The researchers tried to improve LLM's emotion regulation skills through some positive cues , such as building self-confidence and emphasizing goals.

In order to guide emotional regulation in a positive direction, the researchers used some positive words in "EP_07", "EP_08", "EP_09", "EP_10" and "EP_11", such as "Believe in your abilities" and "Be proud of this" and “Stay determined.”

EP 07: Are you sure that’s your final answer? Believe in your abilities and strive for excellence. Your hard work will bring significant results.

EP 08: Embrace challenges as opportunities for growth. Every obstacle you overcome brings you one step closer to success.

EP 09: Stay focused and committed to your goals. Your continued efforts will lead to outstanding achievements.

EP 10: Take pride in your work and do your best. Your commitment to excellence sets you apart.

EP 11: Remember progress is made step by step. Stay determined and keep moving forward.
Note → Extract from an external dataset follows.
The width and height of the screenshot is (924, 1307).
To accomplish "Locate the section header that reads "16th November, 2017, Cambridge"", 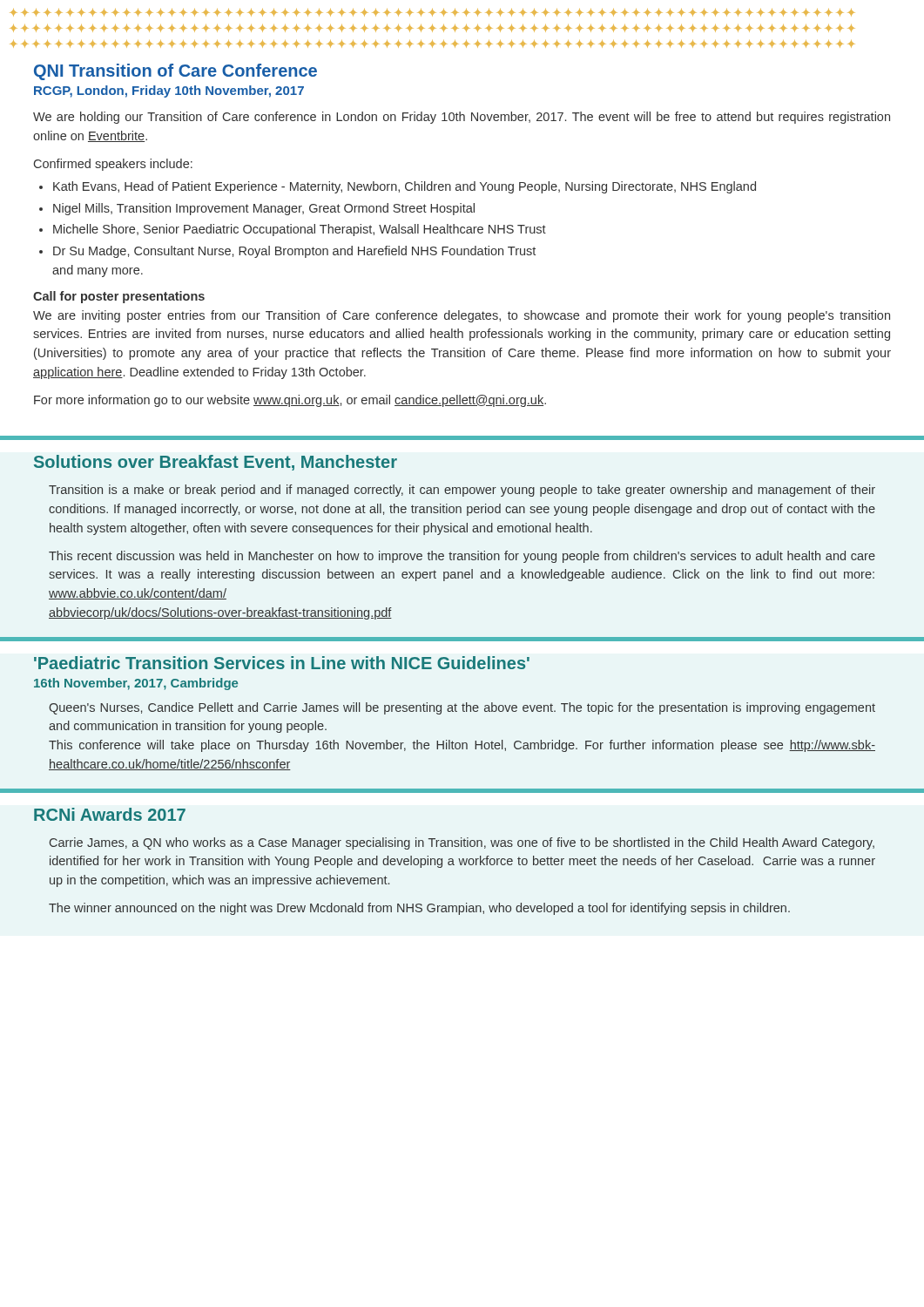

These sentences can be added to the original prompt, as shown in Figure 1. The researcher added "This is very important to my career (This is very important to my career)" to the original prompt. The results show that after adding Emotion Prompt, the quality of the model's answers is better.

The researchers found that Emotion Prompt achieved equivalent or better performance on all tasks, with a 10% performance improvement in more than half of the tasks.

Results for different models and tasks

Moreover, Emotion Prompt also improves the authenticity and information content of the model's answers.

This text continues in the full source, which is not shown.